# Sensible Soccer - cant get joy stick to work



## Kaka Tim (Mar 22, 2015)

Bit of a long shot this.

Just downloaded sensible world of soccer from GOG - but to get the joystick to work with it you have to download a patch (swss++). But I cant find it anywhere - all the links on the fan forums are dead and protracted google searches got nowhere. 

Anyone got a copy of the patch - or any links?

Would love to roll back the years with the ol' sensi soccer - but you jsut cant do this playing on the key board.

cheers in advance!


----------



## fishfinger (Mar 22, 2015)

Did you check the thread on the GOG forum?

http://www.gog.com/forum/sensible_soccer_series/joystick_multiplayer_yes

http://www.gog.com/forum/sensible_soccer_series/swos_logitech_joystick


----------



## Fez909 (Mar 22, 2015)

Wow, what an oldskool thread


----------



## Kaka Tim (Mar 22, 2015)

fishfinger said:


> Did you check the thread on the GOG forum?
> 
> http://www.gog.com/forum/sensible_soccer_series/joystick_multiplayer_yes
> 
> http://www.gog.com/forum/sensible_soccer_series/swos_logitech_joystick



Tried this again - and found I _can_ configure the joystick but it wont go left when you try and play the game.
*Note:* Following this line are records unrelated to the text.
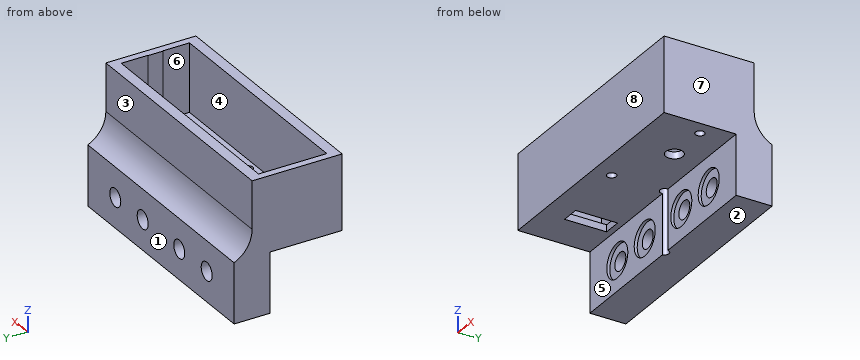
```python
from build123d import *

# Parameters (mm, degrees)
SKETCH1_W                 = 80
SKETCH1_H                 = 30
MOTOR_HOUSING_DEPTH       = 25
SKETCH2_W                 = 80
SKETCH2_H                 = 6
ATATACH_TO_BODY_R_DEPTH   = 20
FILLET_R_R                = 10
SCREW_START               = -12
SKETCH3_R                 = 5.75
SKETCH3_R_2               = 3
SCREW_HEAD_INSETS_R_DEPTH = 1
SKETCH3_2_R               = 3
SCREW_HOLES_R_DEPTH       = 74.569203879
SKETCH4_R                 = 1.5
SKETCH4_R_2               = 2.85
SKETCH4_W                 = 6
SKETCH4_H                 = 14
MOTOR_HOLES_DEPTH         = 96.407286673
SKETCH4_3_R               = 1.5
SKETCH4_3_R_2             = 2.85
SKETCH4_3_W               = 6
SKETCH4_3_H               = 14
MOTOR_CAVITY_DEPTH        = 22.7
SKETCH4_4_W               = 4.8
SKETCH4_4_H               = 5
SKETCH4_4_R               = 1.5
MOUNT_STABILITY_DEPTH     = 16.7


with BuildPart() as part:
    # Sketch1 → Motor Housing (new body)
    with BuildSketch(Plane.XY):
        with Locations((-19.08830476, 38.88424326)):
            Rectangle(SKETCH1_W, SKETCH1_H)
    extrude(amount=MOTOR_HOUSING_DEPTH)

    # Sketch2 → Atatach to Body R (add)
    with BuildSketch(Plane(origin=(0, 0, 0), x_dir=(-1, 0, 0), z_dir=(0, 0, -1))):
        with Locations((19.08830476, 50.88424326)):
            Rectangle(SKETCH2_W, SKETCH2_H)
        with Locations((19.08830476, 56.88424326)):
            Rectangle(SKETCH2_W, SKETCH2_H)
    extrude(amount=ATATACH_TO_BODY_R_DEPTH)

    # Fillet R
    # the kernel refuses this fillet: 10 mm, written as the material it adds along each edge
    with BuildSketch(Plane(origin=(-59.08830476, 53.88424326, 0), x_dir=(0, 0, 1), z_dir=(1, 0, 0))) as fillet_r_piece_1:
        with BuildLine():
            CenterArc((9.16515139, -10), FILLET_R_R, 90, 66.421821522)
            Line((0, -6), (-0.183303028, -5.92))
            ThreePointArc((-0.183303028, -5.92), (-0.2, -3), (-0.2, 0))
            Line((-0.2, 0), (0, 0.2))
            Line((0, 0.2), (9.16515139, 0.2))
            Line((9.16515139, 0.2), (9.16515139, 0))
        make_face()
    extrude(amount=80)

    # Sketch3 → Screw Head Insets R (cut)
    # profile 1 of 4: a face of its own
    with BuildSketch(Plane(origin=(0, 59.88424326, 0), x_dir=(1, 0, 0), z_dir=(0, 1, 0)).offset(SCREW_START)):
        with Locations(Location((-44.08830476, 10, 0), (0, 0, 270))):
            Circle(SKETCH3_R)
        with Locations(Location((-44.08830476, 10, 0), (0, 0, 270))):
            Circle(SKETCH3_R_2, mode=Mode.SUBTRACT)
    # profile 2 of 4: a face of its own
    with BuildSketch(Plane(origin=(0, 59.88424326, 0), x_dir=(1, 0, 0), z_dir=(0, 1, 0)).offset(SCREW_START)):
        with Locations(Location((-29.08830476, 10, 0), (0, 0, 270))):
            Circle(SKETCH3_R)
        with Locations(Location((-29.08830476, 10, 0), (0, 0, 270))):
            Circle(SKETCH3_R_2, mode=Mode.SUBTRACT)
    # profile 3 of 4: a face of its own
    with BuildSketch(Plane(origin=(0, 59.88424326, 0), x_dir=(1, 0, 0), z_dir=(0, 1, 0)).offset(SCREW_START)):
        with Locations(Location((5.91169524, 10, 0), (0, 0, 270))):
            Circle(SKETCH3_R)
        with Locations(Location((5.91169524, 10, 0), (0, 0, 270))):
            Circle(SKETCH3_R_2, mode=Mode.SUBTRACT)
    # profile 4 of 4: a face of its own
    with BuildSketch(Plane(origin=(0, 59.88424326, 0), x_dir=(1, 0, 0), z_dir=(0, 1, 0)).offset(SCREW_START)):
        with Locations(Location((-9.08830476, 10, 0), (0, 0, 270))):
            Circle(SKETCH3_R)
        with Locations(Location((-9.08830476, 10, 0), (0, 0, 270))):
            Circle(SKETCH3_R_2, mode=Mode.SUBTRACT)
    extrude(amount=SCREW_HEAD_INSETS_R_DEPTH, mode=Mode.SUBTRACT)

    # Sketch3<2> → Screw Holes R (cut, through all)
    with BuildSketch(Plane(origin=(0, 59.88424326, 0), x_dir=(1, 0, 0), z_dir=(0, 1, 0))):
        with Locations(Location((5.91169524, 10, 0), (0, 0, 270))):
            Circle(SKETCH3_2_R)
        with Locations(Location((-9.08830476, 10, 0), (0, 0, 270))):
            Circle(SKETCH3_2_R)
        with Locations(Location((-29.08830476, 10, 0), (0, 0, 270))):
            Circle(SKETCH3_2_R)
        with Locations(Location((-44.08830476, 10, 0), (0, 0, 270))):
            Circle(SKETCH3_2_R)
    extrude(amount=-SCREW_HOLES_R_DEPTH, mode=Mode.SUBTRACT)

    # Sketch4 → Motor Holes (cut, through all)
    with BuildSketch(Plane.XY.offset(25)):
        with Locations((-17.93830476, 47.68424326)):
            Circle(SKETCH4_R)
        with Locations((-17.93830476, 30.08424326)):
            Circle(SKETCH4_R)
        with Locations((1.91169524, 38.88424326)):
            Circle(SKETCH4_R_2)
        with Locations((15.91169524, 38.88424326)):
            Circle(SKETCH4_R)
        with Locations((-43.63830476, 38.88424326)):
            Rectangle(SKETCH4_W, SKETCH4_H)
    extrude(amount=-MOTOR_HOLES_DEPTH, mode=Mode.SUBTRACT)

    # Sketch4<3> → Motor Cavity (cut)
    with BuildSketch(Plane.XY.offset(25)):
        Polygon((18.46169524, 50.25424326), (-56.63830476, 50.25424326), (-56.63830476, 27.51424326), (18.46169524, 27.51424326), (18.46169524, 36.38424326), (18.31169524, 36.38424326), (13.51169524, 36.38424326), (13.51169524, 41.38424326), (18.31169524, 41.38424326), (18.46169524, 41.38424326), align=None)
        with Locations((-17.93830476, 30.08424326)):
            Circle(SKETCH4_3_R, mode=Mode.SUBTRACT)
        with Locations((1.91169524, 38.88424326)):
            Circle(SKETCH4_3_R_2, mode=Mode.SUBTRACT)
        with Locations((-43.63830476, 38.88424326)):
            Rectangle(SKETCH4_3_W, SKETCH4_3_H, mode=Mode.SUBTRACT)
        with Locations((-17.93830476, 47.68424326)):
            Circle(SKETCH4_3_R, mode=Mode.SUBTRACT)
    extrude(amount=-MOTOR_CAVITY_DEPTH, mode=Mode.SUBTRACT)

    # Sketch4<4> → Mount Stability (cut)
    with BuildSketch(Plane.XY.offset(25)):
        with Locations((15.91169524, 38.88424326)):
            Rectangle(SKETCH4_4_W, SKETCH4_4_H)
        with Locations((15.91169524, 38.88424326)):
            Circle(SKETCH4_4_R, mode=Mode.SUBTRACT)
    extrude(amount=-MOUNT_STABILITY_DEPTH, mode=Mode.SUBTRACT)


solid = part.part
```
The model under review builds one solid part; all positions refer to its coordinate system, in mm. Face numbers are marked on the shaded views. A direction names the side the tool comes from. Round coordinates to 2 decimals unless told otherwise and drop trailing zeros. Loops run counter-clockwise (first coordinate to the right, second up) from the corner with the lowest first, then second, coordinate; pieces in that order, holes last.
Item 1: Mouldability with a two-part tool opening along X and no side actions: class the marked faces 6, 7 and 8 as released by +X, released by -X, zero draft, split by the parting line, or undercut.
Determined:
face 6: undercut
face 7: released by +X
face 8: zero draft
Item 2: Take a section at B-B (z = 14.5). Write out the cut boundary in (x, y).
Determined:
outline: (-59.09, 23.88) - (20.91, 23.88) - (20.91, 53.88) - (-59.09, 53.88) - close; hole (-56.64, 27.51) - (18.46, 27.51) - (18.46, 36.38) - (18.31, 36.38) - (18.31, 41.38) - (18.46, 41.38) - (18.46, 50.25) - (-56.64, 50.25) - close
Item 3: For line 1 (X direction, y = 57, z = -10); line 2 (X direction, y = 31.5, z = 15.5); line 3 (Y direction, x = 17, z = 3), list the stretches that pass through material, from the lowest coordinate up.
Determined:
line 1: x = -59.09 to -47.09, -41.09 to -32.09, -26.09 to -12.09, -6.09 to 2.91, 8.91 to 20.91
line 2: x = -59.09 to -56.64, 18.46 to 20.91
line 3: y = 23.88 to 27.51, 36.38 to 37.85, 39.92 to 41.38, 50.25 to 56.01
Item 4: Take a section at D-D (z = 3.5). Write out the cut boundary in (x, y), then the cut area to 3 significant figures.
Determined:
outline: (-59.09, 23.88) - (20.91, 23.88) - (20.91, 55.64) - (-59.09, 55.64) - close; hole (-56.64, 27.51) - (18.46, 27.51) - (18.46, 36.38) - (13.51, 36.38) - (13.51, 41.38) - (18.46, 41.38) - (18.46, 50.25) - (-56.64, 50.25) - close; hole circle Ø3 at (15.91, 38.88)
area: 851 mm2
Item 5: For the marked faces 1, 2, 3, 4 and 5, list the 3-axis set-ups (+Z, -Z, +X, -X, +Y, -Y) from which the entire face can be reached by the end or side of a thin tool; tool diameter is ignored.
Determined:
face 1: +Z, -Z, +X, -X, +Y
face 2: -Z, +X, -X, +Y, -Y
face 3: +Z, +X, -X, +Y
face 4: +Z
face 5: -Z, +X, -X, -Y
Item 6: Take a section at C-C (x = -30). Write out the cut boundary in (y, z).
Determined:
outline: (23.88, 0) - (47.88, 0) - (47.88, -4.32) - (48.88, -4.32) - (48.88, -7.14) - (59.88, -7.14) - (59.88, 0) arc R10 cw to (53.88, 9.17) - (53.88, 25) - (50.25, 25) - (50.25, 2.3) - (27.51, 2.3) - (27.51, 25) - (23.88, 25) - close; (47.88, -20) - (59.88, -20) - (59.88, -12.86) - (48.88, -12.86) - (48.88, -15.68) - (47.88, -15.68) - close
Item 7: Take a section at A-A (y = 34.5). Write out the cut boundary in (x, z), then the cut area to 3 significant figures.
Determined:
outline: (-59.09, 0) - (-46.64, 0) - (-46.64, 2.3) - (-56.64, 2.3) - (-56.64, 25) - (-59.09, 25) - close; (-40.64, 0) - (20.91, 0) - (20.91, 25) - (18.46, 25) - (18.46, 2.3) - (-40.64, 2.3) - close
area: 281 mm2
Item 8: Clearance check with flat-ended pins moving along their axes: pin 1 Ø3.5 at (x, y) = (-17.94, 30.08) entering from -Z; pin 2 Ø4 at (x, y) = (-16.5, 47.5) entering from +Z; pin 3 Ø18.5 at (x, z) = (-29.09, -10) entering from +Y; pin 4 Ø12.5 at (x, z) = (-5.5, 15.5) entering from +Y. State where each tip first meets the part, or that it passes through.
Determined:
pin 1: stops at z = 0
pin 2: stops at z = 2.3
pin 3: stops at y = 59.88
pin 4: stops at y = 53.88

This is a recognised problem - but the solution they offer doesn't work with my joystick. Grrrrrr......


----------



## fishfinger (Mar 22, 2015)

I don't think SWSS++ is a patch as such. It appears that if you run SWOS with the commandline SWOS++ it just launches the joystick configuration. DOSBOX is a MS-DOS PC emulator, and is required to run old DOS games e.g. Sensible Soccer.

http://www.sensiblesoccer.de/forum/index.php?topic=25312.0


----------



## stethoscope (Mar 22, 2015)

Woah, there's a Mac compatible version of SWOS on there too


----------